Intriguingly, similar to the crystals of the pRb/E2F-TA complex (PDB entry 1N4M) (Lee et al. 2002), there are two pRb molecules and three peptides in one asymmetric unit of the crystal lattice, with the extra copy of E1A-CR1 loosely bound to a shallow groove on the side of the B domain, which overlaps with the binding site for the LxCxE peptide of HPV-E7 (Lee et al. 1998, 2002).
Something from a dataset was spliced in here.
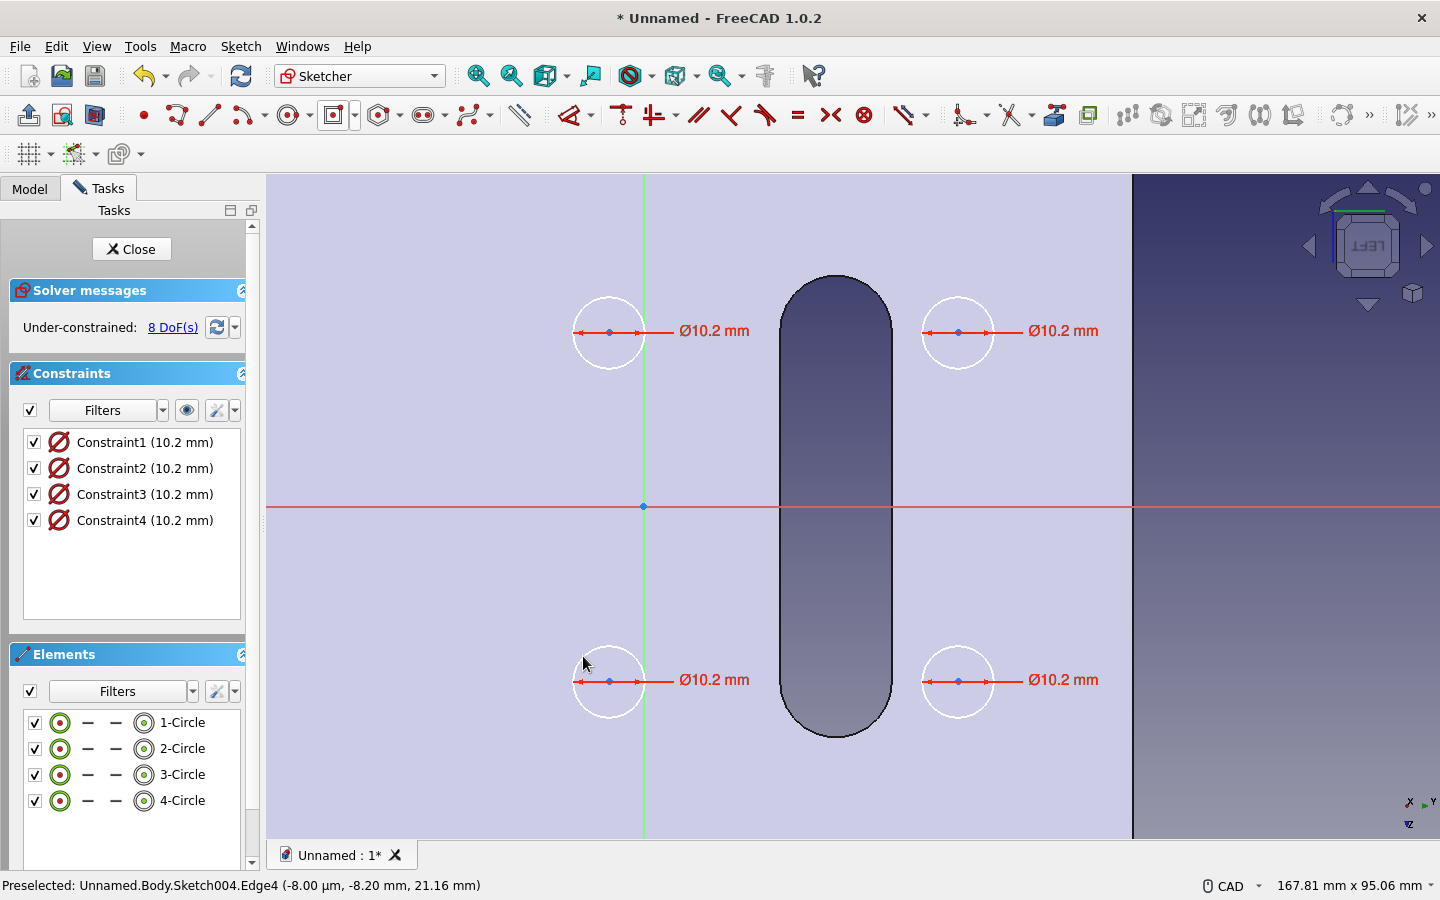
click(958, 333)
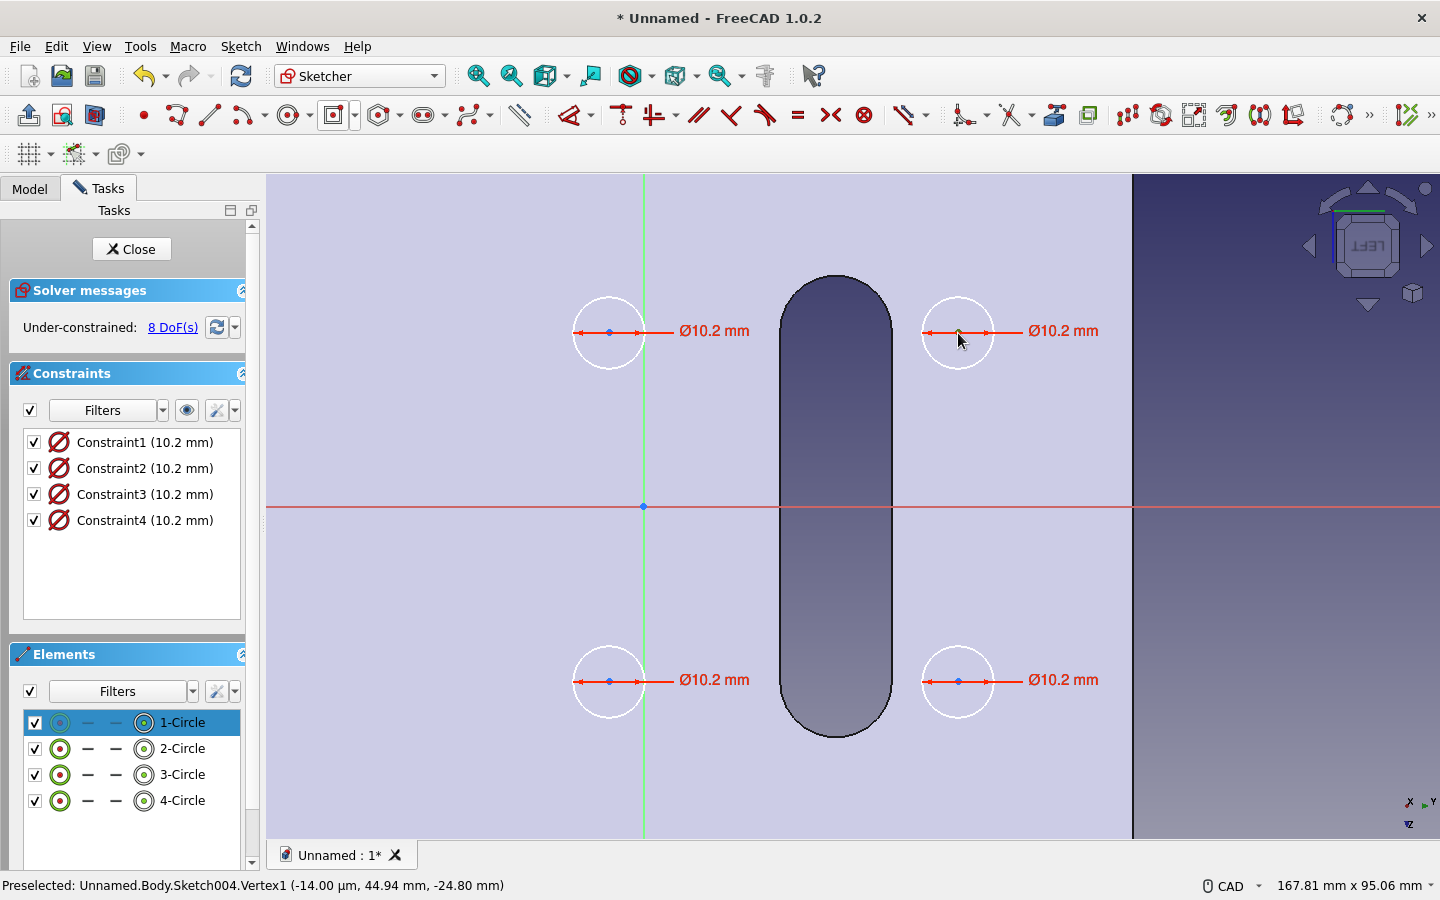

The residues of E2F-TA and E1A-CR1 that are engaged in pRb binding at the B domain diverge significantly from the more extensively bound LxCxE peptide, although two common residues, Y756 and N757, from pRb form hydrogen bonds with the main-chain atoms of each of the peptides, implicating that this site of pRb may be involved in binding to other proteins as suggested previously (Lee et al. 2002).

Structural comparison with the pRb/E2F complex and molecular determinants for pRb/E1A-CR1 interaction

A structural alignment of the pRb/E1A-CR1 complex with the structure of pRb bound to the TA peptide of E2F (PDB entry 1N4M) reveals that the two peptides bind to overlapping binding sites on pRb (Fig. 1B). In analyzing the structural determinants for E1A-CR1 binding to pRb, three highly conserved hydrophobic residues, L43, L46, and Y47 can be aligned with similar residues of E2F-TA, I422, L425, and F426, and the corresponding residues occupy a similar hydrophobic pocket on the pRb surface (Figs. 1B, 2A). In contrast, an E1A-CR1-specific and semiconserved H44 residue (Fig. 2C) mediates a hydrogen-bonding network with both the main chain and side chain of residues E464 and N472 from the α4 helix and L1 loop of pRb, respectively (Fig. 2B). Strikingly, N472 of pRb in the E2F complex points away from the binding groove, but moves ∼8 Å toward the binding groove of the E1A complex to make a hydrogen bond with the H44 side chain of E1A. The carboxyl oxygen of the E464 side chain of pRb also makes three hydrogen bonds with the H44 side chain, main chain, and L43 main chain of E1A, respectively. The main-chain oxygen of P40 of E1A also makes two additional hydrogen bonds with the R467 guanidinium group of pRb. This arginine residue is shifted by ∼5 Å relative to its position in the E2F complex. Notably, the side chain and main chain of E45 forms an intramolecular hydrogen bond with both the main-chain and side-chain atoms of T42 that appears important for the formation of the short α helical secondary structure within the middle of the E1A-CR1 peptide (Supplementary Fig. S1). Finally, hydrophobic residues at both ends of the E1A-CR1 peptide, including P40 and P41 on the N-terminal end and L49 on the C-terminal end, are also involved in van der Waals interactions with pRb.

Figure 2.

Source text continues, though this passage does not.